NPC is considering whether to make the investment today or to wait a year to find out about the FDA’s decision. If it waits a year, the project’s up-front cost at t = 1 will remain at $1,500, the subsequent cash flows will remain at $550 per year if the competitor’s product is rejected and $20 per year if the alternative product is approved. However, if NPC decides to wait, due to the patent expiration, the subsequent cash flows will be received only for six years (t = 2 ... 7).

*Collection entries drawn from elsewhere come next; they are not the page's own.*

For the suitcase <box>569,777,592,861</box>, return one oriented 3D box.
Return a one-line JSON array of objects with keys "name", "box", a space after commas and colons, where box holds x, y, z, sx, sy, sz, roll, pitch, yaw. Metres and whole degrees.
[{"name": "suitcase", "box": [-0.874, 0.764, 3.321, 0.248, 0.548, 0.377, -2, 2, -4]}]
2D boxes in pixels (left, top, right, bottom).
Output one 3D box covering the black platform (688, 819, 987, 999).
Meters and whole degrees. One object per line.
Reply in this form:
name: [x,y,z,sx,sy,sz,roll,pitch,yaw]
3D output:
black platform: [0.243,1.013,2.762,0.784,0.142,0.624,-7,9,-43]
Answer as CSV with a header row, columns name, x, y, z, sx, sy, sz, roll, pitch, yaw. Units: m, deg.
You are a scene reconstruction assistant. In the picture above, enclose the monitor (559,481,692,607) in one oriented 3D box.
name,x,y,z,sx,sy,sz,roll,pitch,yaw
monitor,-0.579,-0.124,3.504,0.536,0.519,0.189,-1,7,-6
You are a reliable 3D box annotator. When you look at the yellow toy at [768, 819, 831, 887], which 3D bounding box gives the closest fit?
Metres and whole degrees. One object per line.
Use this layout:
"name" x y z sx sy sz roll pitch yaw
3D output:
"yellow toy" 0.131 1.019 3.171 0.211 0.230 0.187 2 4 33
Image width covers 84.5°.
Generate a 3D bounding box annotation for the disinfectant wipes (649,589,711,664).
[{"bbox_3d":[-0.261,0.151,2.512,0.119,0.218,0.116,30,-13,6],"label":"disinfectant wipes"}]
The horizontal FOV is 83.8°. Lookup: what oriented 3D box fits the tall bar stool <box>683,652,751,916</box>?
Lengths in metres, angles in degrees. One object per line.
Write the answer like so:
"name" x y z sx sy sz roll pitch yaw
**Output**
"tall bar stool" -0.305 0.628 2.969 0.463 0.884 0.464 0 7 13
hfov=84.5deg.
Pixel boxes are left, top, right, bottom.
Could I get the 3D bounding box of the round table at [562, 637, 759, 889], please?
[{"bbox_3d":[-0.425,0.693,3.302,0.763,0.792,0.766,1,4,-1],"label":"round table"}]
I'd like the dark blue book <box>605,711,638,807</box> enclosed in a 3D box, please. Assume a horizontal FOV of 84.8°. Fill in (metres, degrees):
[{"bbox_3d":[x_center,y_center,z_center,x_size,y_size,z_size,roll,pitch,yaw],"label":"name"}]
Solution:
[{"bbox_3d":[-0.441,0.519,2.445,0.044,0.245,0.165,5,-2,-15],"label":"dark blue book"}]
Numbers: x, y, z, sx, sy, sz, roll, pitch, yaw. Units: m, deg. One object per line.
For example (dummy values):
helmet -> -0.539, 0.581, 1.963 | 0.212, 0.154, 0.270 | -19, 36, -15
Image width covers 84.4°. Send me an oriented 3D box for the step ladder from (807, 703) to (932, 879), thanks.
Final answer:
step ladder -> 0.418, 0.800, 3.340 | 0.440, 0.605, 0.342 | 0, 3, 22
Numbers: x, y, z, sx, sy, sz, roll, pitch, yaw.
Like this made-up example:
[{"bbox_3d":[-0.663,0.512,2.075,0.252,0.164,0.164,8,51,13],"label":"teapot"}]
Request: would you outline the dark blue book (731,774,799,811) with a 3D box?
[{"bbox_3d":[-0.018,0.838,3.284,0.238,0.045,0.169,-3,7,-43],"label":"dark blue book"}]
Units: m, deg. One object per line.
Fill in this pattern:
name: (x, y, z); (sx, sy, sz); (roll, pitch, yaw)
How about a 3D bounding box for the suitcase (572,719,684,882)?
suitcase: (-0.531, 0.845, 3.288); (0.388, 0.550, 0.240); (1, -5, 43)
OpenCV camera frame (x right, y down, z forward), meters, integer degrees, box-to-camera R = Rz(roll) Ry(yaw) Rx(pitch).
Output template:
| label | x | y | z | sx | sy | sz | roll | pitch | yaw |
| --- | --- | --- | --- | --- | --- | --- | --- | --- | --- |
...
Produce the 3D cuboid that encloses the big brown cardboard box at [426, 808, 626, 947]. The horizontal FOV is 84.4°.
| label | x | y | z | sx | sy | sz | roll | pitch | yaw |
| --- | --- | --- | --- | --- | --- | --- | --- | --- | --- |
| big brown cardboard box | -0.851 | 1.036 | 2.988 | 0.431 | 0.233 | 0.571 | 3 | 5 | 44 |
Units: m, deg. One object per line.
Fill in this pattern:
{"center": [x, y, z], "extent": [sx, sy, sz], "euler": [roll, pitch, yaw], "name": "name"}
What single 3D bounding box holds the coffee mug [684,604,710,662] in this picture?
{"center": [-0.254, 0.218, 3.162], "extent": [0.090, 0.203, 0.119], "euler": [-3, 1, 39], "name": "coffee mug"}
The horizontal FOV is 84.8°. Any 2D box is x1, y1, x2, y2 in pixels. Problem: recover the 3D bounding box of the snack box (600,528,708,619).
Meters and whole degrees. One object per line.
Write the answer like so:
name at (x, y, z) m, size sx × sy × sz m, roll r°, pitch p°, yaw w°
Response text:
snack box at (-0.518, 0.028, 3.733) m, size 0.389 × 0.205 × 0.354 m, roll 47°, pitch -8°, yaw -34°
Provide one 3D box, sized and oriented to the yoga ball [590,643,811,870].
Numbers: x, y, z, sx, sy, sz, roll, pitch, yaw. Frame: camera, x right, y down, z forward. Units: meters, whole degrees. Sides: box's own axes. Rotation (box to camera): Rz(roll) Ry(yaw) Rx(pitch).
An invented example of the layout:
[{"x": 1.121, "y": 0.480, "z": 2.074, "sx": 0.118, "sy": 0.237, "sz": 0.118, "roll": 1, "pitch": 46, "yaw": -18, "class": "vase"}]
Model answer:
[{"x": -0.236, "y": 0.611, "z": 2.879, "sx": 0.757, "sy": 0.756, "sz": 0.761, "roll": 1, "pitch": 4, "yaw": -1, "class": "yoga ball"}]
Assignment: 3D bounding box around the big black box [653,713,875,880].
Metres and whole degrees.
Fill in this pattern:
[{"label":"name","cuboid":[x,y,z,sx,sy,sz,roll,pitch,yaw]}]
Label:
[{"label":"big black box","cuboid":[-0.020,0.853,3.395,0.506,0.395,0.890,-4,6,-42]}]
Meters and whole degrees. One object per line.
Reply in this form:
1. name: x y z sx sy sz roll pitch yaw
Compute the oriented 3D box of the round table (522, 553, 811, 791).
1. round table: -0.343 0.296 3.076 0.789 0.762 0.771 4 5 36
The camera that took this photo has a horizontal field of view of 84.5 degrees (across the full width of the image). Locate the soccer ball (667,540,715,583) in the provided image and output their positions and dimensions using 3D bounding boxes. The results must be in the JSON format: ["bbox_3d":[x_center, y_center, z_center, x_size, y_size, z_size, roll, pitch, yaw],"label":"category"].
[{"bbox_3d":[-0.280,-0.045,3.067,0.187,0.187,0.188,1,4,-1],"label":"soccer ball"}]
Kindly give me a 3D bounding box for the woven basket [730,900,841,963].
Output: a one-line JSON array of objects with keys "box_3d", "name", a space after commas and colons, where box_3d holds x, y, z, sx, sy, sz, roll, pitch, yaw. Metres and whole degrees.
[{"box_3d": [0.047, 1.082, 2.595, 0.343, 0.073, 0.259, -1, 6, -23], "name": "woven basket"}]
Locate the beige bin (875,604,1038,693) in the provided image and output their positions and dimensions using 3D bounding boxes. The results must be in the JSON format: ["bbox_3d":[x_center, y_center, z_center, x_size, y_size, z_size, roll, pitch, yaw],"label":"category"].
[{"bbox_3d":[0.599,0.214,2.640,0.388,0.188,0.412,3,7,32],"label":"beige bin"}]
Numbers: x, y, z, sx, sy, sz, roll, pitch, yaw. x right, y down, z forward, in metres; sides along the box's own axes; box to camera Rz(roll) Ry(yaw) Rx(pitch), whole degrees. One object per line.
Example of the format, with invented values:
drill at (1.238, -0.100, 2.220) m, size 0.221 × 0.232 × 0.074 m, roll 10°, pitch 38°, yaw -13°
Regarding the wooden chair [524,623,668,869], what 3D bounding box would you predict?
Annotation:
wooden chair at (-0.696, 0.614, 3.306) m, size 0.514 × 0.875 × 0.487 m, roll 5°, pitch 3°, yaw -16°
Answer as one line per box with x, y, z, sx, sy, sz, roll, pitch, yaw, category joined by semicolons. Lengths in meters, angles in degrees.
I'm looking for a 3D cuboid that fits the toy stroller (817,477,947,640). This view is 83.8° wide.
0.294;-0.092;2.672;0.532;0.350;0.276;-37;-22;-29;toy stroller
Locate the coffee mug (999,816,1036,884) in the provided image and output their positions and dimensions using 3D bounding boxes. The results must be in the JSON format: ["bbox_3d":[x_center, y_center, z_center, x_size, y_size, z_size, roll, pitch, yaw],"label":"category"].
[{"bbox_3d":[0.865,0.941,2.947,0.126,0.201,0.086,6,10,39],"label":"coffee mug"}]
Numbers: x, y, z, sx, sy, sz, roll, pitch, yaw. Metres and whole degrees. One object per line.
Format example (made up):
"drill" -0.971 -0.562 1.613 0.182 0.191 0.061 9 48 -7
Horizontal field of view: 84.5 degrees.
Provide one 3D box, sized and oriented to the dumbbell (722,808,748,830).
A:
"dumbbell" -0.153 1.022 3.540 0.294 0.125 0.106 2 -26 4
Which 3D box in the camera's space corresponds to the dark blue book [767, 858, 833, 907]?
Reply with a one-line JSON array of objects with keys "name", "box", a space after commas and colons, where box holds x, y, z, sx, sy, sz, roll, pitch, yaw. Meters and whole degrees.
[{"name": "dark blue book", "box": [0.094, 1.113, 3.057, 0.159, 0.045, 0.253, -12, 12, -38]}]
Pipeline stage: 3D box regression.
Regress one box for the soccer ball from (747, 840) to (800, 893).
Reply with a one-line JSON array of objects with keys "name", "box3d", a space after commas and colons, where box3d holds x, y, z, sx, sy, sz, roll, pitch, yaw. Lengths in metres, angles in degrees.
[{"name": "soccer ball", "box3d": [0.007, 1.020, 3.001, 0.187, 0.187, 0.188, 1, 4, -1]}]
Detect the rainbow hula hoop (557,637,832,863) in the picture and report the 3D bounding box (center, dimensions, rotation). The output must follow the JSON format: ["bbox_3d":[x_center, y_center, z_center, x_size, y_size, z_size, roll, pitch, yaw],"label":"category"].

Assuming that ALL cash flows are discounted at 10%, if NPC chooses to wait a year before proceeding, how much will this increase or decrease the project’s expected NPV in today’s dollars (i.e., at t = 0), relative to the NPV if it proceeds today? (Find NPV of the project with and without the option and take a difference, i.e. find the value of the timing option)

Solutions

Expert Solution

Given are two scenarios-

1) If the competitors product is rejected,

2) If the competitiors product is approved.

Interest rate- 10%

Accordingly, we compare NPV of above scenarios, given if the project investement starts today(t=0) versus project investment starts after 1year(t=1).

Key point to remember-

  • A positive NPV number means present value of revenues exceeds the present value of costs which means a profitable project.
  • A negative NPV means present value of costs exceeds the present value of revenues which means loss making project.

Scenario 1-

To calculate NPV, we need to calculate Present Value of each cash flow, for which we use formula given below:

Present Value = Future Value/(1+Interest rate)^number of year

Project investment stating today (t0):

t0= -1,500/(1+10%)^0 = -1500; t1= 550/(1+10%)^1 = 500; t2= 550/(1+10%)^2 = 454.55; t3=550/(1+10%)^3 = 413.22; t4= 550/(1+10%)^4 = 375.66; t5= 550/(1+10%)^5 = 341.51; t6= 550/(1+10%)^6 = 310.46; t7= 550/(1+10%)^7 = 282.24

NPV = -1,500 + 500 + 454.55 + 413.22 + 375.66 + 341.51 + 310.46 + 282.24 = $1,177.63

Project investment starting after 1 year (t1):

t1= 1,500/(1+10%)^1 = -1,363.64; t2= 550/(1+10%)^2 = 454.55; t3=550/(1+10%)^3 = 413.22; t4= 550/(1+10%)^4 = 375.66; t5= 550/(1+10%)^5 = 341.51; t6= 550/(1+10%)^6 = 310.46; t7= 550/(1+10%)^7 = 282.24

NPV = -1,363.64 + 454.55 + 413.22 + 375.66 + 341.51 + 310.46 + 282.24 = $813.99

Scenario 2-

Project investment stating today (t0):

t0= -1,500/(1+10%)^0 = -1,500; t1= 20/(1+10%)^1 = 18.18; t2= 20/(1+10%)^2 = 16.53; t3=20/(1+10%)^3 = 15.03; t4= 20/(1+10%)^4 = 13.66; t5= 20/(1+10%)^5 = 12.42;

t6= 20/(1+10%)^6 =11.29; t7= 20/(1+10%)^7 = 10.26

NPV = -1,500 + 18.18 + 16.53+ 15.03 + 13.66 + 12.42 + 11.29 + 10.26 = $-1402.63

Project investment starting after 1 year (t1):

t1= -1,500/(1+10%)^1 = -1,363.64; t2= 20/(1+10%)^2 = 16.53; t3=20/(1+10%)^3 = 15.03; t4= 20/(1+10%)^4 = 13.66; t5= 20/(1+10%)^5 = 12.42;

t6= 20/(1+10%)^6 =11.29; t7= 20/(1+10%)^7 = 10.26

NPV = -1,363.64 + 16.53+ 15.03 + 13.66 + 12.42 + 11.29 + 10.26 = $-1284.45

Calcultion of increase or decrease in project’s expected NPV is as per below,

t1 - t0

Scenario 1: $813.99 - $1,177.63 = $-363.64 (there is a decrease of NPV if the project starts after 1 year i.e decrease in NPV or profit).

Scenario 2: $-1,284.45 - $-1,402.63 = $118.18 (there is an increase in NPV if the project starts after 1 year i.e decrease in negative NPV or loss).